Prompt :: Scan the data for "graphql" and copy the lines it appears in.

[Data records]
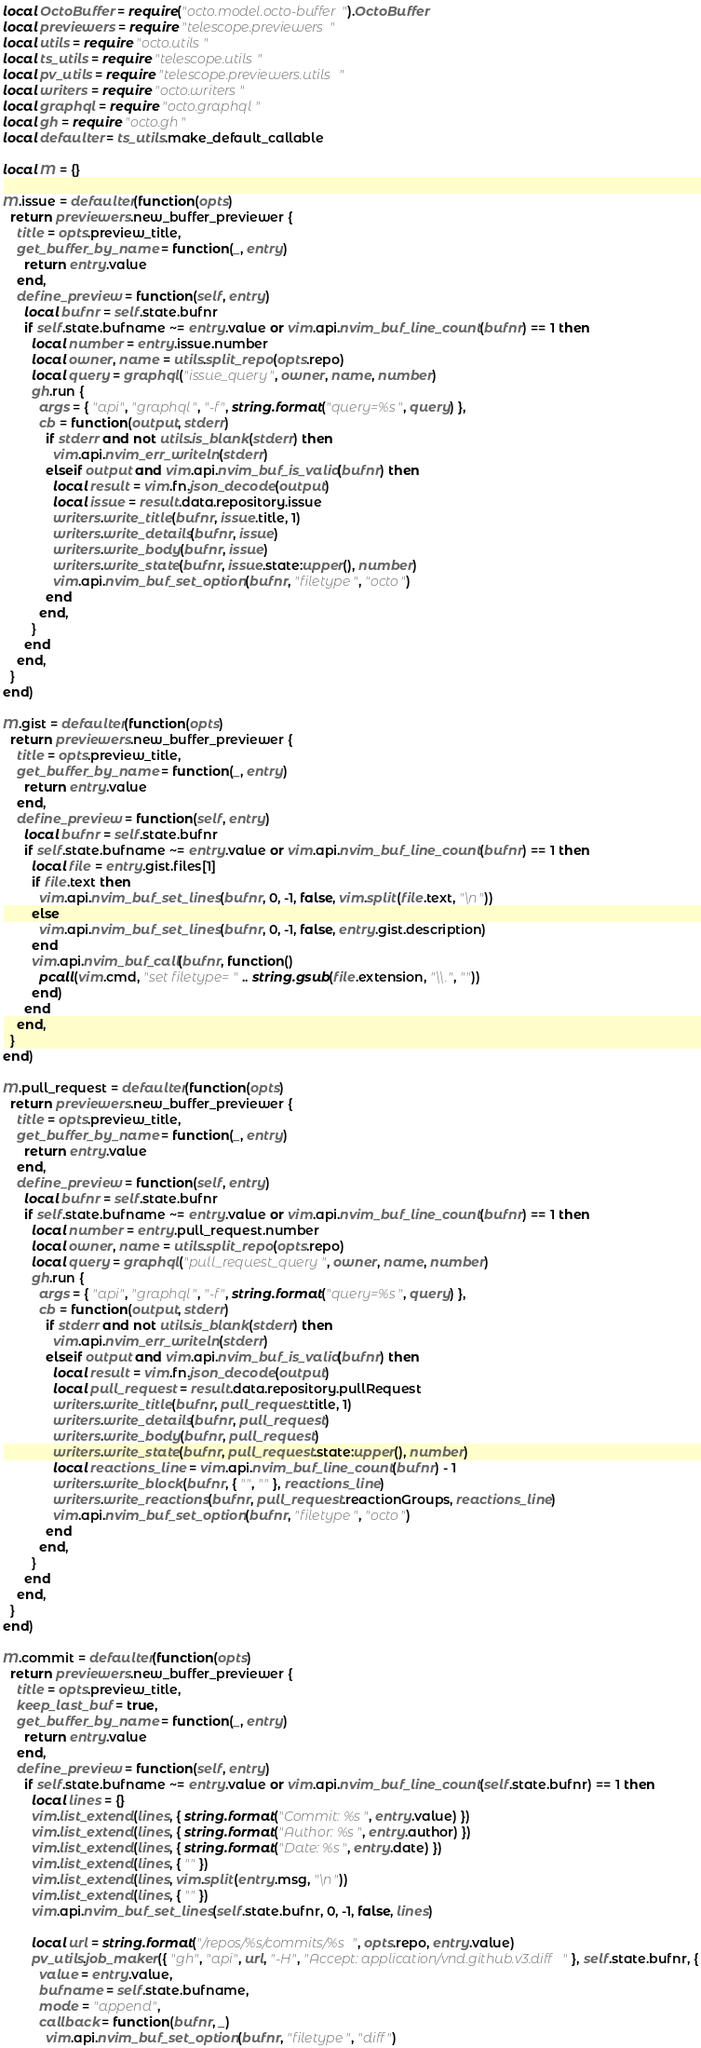<code> <loc_0><loc_0><loc_500><loc_500><_Lua_>local OctoBuffer = require("octo.model.octo-buffer").OctoBuffer
local previewers = require "telescope.previewers"
local utils = require "octo.utils"
local ts_utils = require "telescope.utils"
local pv_utils = require "telescope.previewers.utils"
local writers = require "octo.writers"
local graphql = require "octo.graphql"
local gh = require "octo.gh"
local defaulter = ts_utils.make_default_callable

local M = {}

M.issue = defaulter(function(opts)
  return previewers.new_buffer_previewer {
    title = opts.preview_title,
    get_buffer_by_name = function(_, entry)
      return entry.value
    end,
    define_preview = function(self, entry)
      local bufnr = self.state.bufnr
      if self.state.bufname ~= entry.value or vim.api.nvim_buf_line_count(bufnr) == 1 then
        local number = entry.issue.number
        local owner, name = utils.split_repo(opts.repo)
        local query = graphql("issue_query", owner, name, number)
        gh.run {
          args = { "api", "graphql", "-f", string.format("query=%s", query) },
          cb = function(output, stderr)
            if stderr and not utils.is_blank(stderr) then
              vim.api.nvim_err_writeln(stderr)
            elseif output and vim.api.nvim_buf_is_valid(bufnr) then
              local result = vim.fn.json_decode(output)
              local issue = result.data.repository.issue
              writers.write_title(bufnr, issue.title, 1)
              writers.write_details(bufnr, issue)
              writers.write_body(bufnr, issue)
              writers.write_state(bufnr, issue.state:upper(), number)
              vim.api.nvim_buf_set_option(bufnr, "filetype", "octo")
            end
          end,
        }
      end
    end,
  }
end)

M.gist = defaulter(function(opts)
  return previewers.new_buffer_previewer {
    title = opts.preview_title,
    get_buffer_by_name = function(_, entry)
      return entry.value
    end,
    define_preview = function(self, entry)
      local bufnr = self.state.bufnr
      if self.state.bufname ~= entry.value or vim.api.nvim_buf_line_count(bufnr) == 1 then
        local file = entry.gist.files[1]
        if file.text then
          vim.api.nvim_buf_set_lines(bufnr, 0, -1, false, vim.split(file.text, "\n"))
        else
          vim.api.nvim_buf_set_lines(bufnr, 0, -1, false, entry.gist.description)
        end
        vim.api.nvim_buf_call(bufnr, function()
          pcall(vim.cmd, "set filetype=" .. string.gsub(file.extension, "\\.", ""))
        end)
      end
    end,
  }
end)

M.pull_request = defaulter(function(opts)
  return previewers.new_buffer_previewer {
    title = opts.preview_title,
    get_buffer_by_name = function(_, entry)
      return entry.value
    end,
    define_preview = function(self, entry)
      local bufnr = self.state.bufnr
      if self.state.bufname ~= entry.value or vim.api.nvim_buf_line_count(bufnr) == 1 then
        local number = entry.pull_request.number
        local owner, name = utils.split_repo(opts.repo)
        local query = graphql("pull_request_query", owner, name, number)
        gh.run {
          args = { "api", "graphql", "-f", string.format("query=%s", query) },
          cb = function(output, stderr)
            if stderr and not utils.is_blank(stderr) then
              vim.api.nvim_err_writeln(stderr)
            elseif output and vim.api.nvim_buf_is_valid(bufnr) then
              local result = vim.fn.json_decode(output)
              local pull_request = result.data.repository.pullRequest
              writers.write_title(bufnr, pull_request.title, 1)
              writers.write_details(bufnr, pull_request)
              writers.write_body(bufnr, pull_request)
              writers.write_state(bufnr, pull_request.state:upper(), number)
              local reactions_line = vim.api.nvim_buf_line_count(bufnr) - 1
              writers.write_block(bufnr, { "", "" }, reactions_line)
              writers.write_reactions(bufnr, pull_request.reactionGroups, reactions_line)
              vim.api.nvim_buf_set_option(bufnr, "filetype", "octo")
            end
          end,
        }
      end
    end,
  }
end)

M.commit = defaulter(function(opts)
  return previewers.new_buffer_previewer {
    title = opts.preview_title,
    keep_last_buf = true,
    get_buffer_by_name = function(_, entry)
      return entry.value
    end,
    define_preview = function(self, entry)
      if self.state.bufname ~= entry.value or vim.api.nvim_buf_line_count(self.state.bufnr) == 1 then
        local lines = {}
        vim.list_extend(lines, { string.format("Commit: %s", entry.value) })
        vim.list_extend(lines, { string.format("Author: %s", entry.author) })
        vim.list_extend(lines, { string.format("Date: %s", entry.date) })
        vim.list_extend(lines, { "" })
        vim.list_extend(lines, vim.split(entry.msg, "\n"))
        vim.list_extend(lines, { "" })
        vim.api.nvim_buf_set_lines(self.state.bufnr, 0, -1, false, lines)

        local url = string.format("/repos/%s/commits/%s", opts.repo, entry.value)
        pv_utils.job_maker({ "gh", "api", url, "-H", "Accept: application/vnd.github.v3.diff" }, self.state.bufnr, {
          value = entry.value,
          bufname = self.state.bufname,
          mode = "append",
          callback = function(bufnr, _)
            vim.api.nvim_buf_set_option(bufnr, "filetype", "diff")</code>

Completed exercise ::
local graphql = require "octo.graphql"
        local query = graphql("issue_query", owner, name, number)
          args = { "api", "graphql", "-f", string.format("query=%s", query) },
        local query = graphql("pull_request_query", owner, name, number)
          args = { "api", "graphql", "-f", string.format("query=%s", query) },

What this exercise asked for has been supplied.